>>
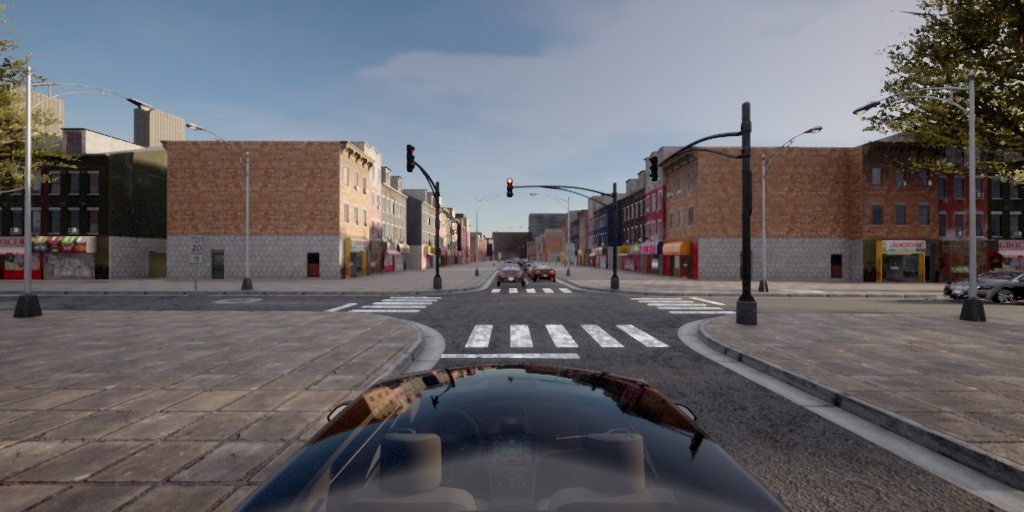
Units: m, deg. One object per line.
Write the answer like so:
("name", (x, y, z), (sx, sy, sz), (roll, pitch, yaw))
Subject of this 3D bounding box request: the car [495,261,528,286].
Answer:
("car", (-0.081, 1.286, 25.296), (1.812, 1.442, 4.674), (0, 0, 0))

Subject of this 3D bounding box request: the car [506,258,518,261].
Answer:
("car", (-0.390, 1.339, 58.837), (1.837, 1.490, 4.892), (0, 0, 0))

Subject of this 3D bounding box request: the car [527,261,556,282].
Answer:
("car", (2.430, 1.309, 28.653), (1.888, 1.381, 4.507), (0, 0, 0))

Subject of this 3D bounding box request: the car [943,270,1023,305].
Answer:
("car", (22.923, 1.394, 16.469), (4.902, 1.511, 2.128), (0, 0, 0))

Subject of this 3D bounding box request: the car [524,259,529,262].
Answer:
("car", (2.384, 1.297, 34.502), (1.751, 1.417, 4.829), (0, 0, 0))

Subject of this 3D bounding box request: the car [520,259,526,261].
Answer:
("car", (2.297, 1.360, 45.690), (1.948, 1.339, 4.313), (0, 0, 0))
<<
>>
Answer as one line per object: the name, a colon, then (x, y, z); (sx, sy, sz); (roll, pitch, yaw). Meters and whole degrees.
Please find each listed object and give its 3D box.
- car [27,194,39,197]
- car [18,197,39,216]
<<
>>
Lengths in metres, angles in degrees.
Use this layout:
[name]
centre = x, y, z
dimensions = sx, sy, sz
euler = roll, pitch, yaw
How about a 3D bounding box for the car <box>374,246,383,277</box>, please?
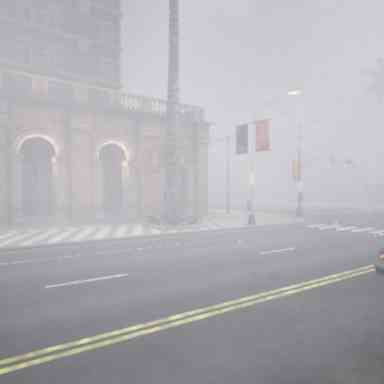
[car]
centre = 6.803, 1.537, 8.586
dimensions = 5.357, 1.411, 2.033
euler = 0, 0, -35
<<
| Problem to work on |
Set down, exactly as they stand above, the lines starting with the line with "Write the answer" and going on through the line with "the car [520,259,526,261].", and no others.

| Result |
Write the answer like so:
("name", (x, y, z), (sx, sy, sz), (roll, pitch, yaw))
Subject of this 3D bounding box request: the car [495,261,528,286].
Answer:
("car", (-0.081, 1.286, 25.296), (1.812, 1.442, 4.674), (0, 0, 0))

Subject of this 3D bounding box request: the car [506,258,518,261].
Answer:
("car", (-0.390, 1.339, 58.837), (1.837, 1.490, 4.892), (0, 0, 0))

Subject of this 3D bounding box request: the car [527,261,556,282].
Answer:
("car", (2.430, 1.309, 28.653), (1.888, 1.381, 4.507), (0, 0, 0))

Subject of this 3D bounding box request: the car [943,270,1023,305].
Answer:
("car", (22.923, 1.394, 16.469), (4.902, 1.511, 2.128), (0, 0, 0))

Subject of this 3D bounding box request: the car [524,259,529,262].
Answer:
("car", (2.384, 1.297, 34.502), (1.751, 1.417, 4.829), (0, 0, 0))

Subject of this 3D bounding box request: the car [520,259,526,261].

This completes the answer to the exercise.